Where the mind chases motion and inactivity enrobes the body, when our muscles tense up and stifle movement, when the momentum of our thoughts incubates within a passive outward performance is when we find ourselves in a state of inertia.

The art of dressing has long been associated with notions of languor and luxury, but today such sentiments have morphed into a linguistic package that reads, succinctly, hottest, newest, latest.

21st century fashion is like a spinning top, ever-advancing in revolutions yet unchanging in plane. However, in order to move forward one must accelerate. Avant-garde British designer, Hussein Chalayan says inertia is “all about the speed in our lives and how it can only result in a crash”.

With almost four to six seasons a year, collections rotate every few months based on the requirements of the season, but progress at the pace of lightening, so fast that a blur has emerged and merged. We watch, astounded, as knee-high boots and fur boas fill spring collections and slinky chiffon slips and open-toed sandals pervade fall’s stock. Everything updates so often, yet nothing really transforms.

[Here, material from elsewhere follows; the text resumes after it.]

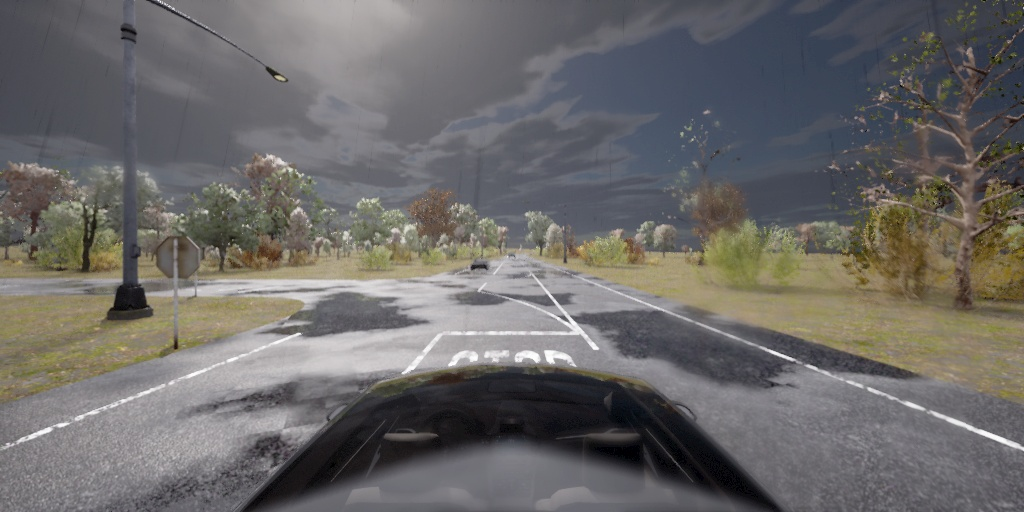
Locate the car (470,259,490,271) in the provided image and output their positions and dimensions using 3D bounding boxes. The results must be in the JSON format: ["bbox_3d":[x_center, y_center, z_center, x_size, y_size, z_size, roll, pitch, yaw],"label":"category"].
[{"bbox_3d":[-3.414,0.950,38.847,1.895,1.301,4.718,0,1,0],"label":"car"}]

My current consciousness is very much akin to this schizophrenic stream of existence. I found myself feverish for the world of fashion at the green age of thirteen, and ever since then, this fantasy has fluttered forth seamlessly, yet surreptitiously. From the realms of writing to styling to cool hunting, I have been rolling without realizing the peculiar purpose of each. Now, I find myself in an unexpected farrago of functions that have created among them an ambit of obscurity, each bleeding into the other’s margin. I am, therefore, in as much a state of inertia as fashion is now.

And I question myself, is this state of in-betweenness, indolence, hence deplorable or is it a transit camp, hence necessary. To me, inertia is as much about being and doing as it is about rest and resistance. A moment that is mandatory to engage in, to evolve, and to eventually become.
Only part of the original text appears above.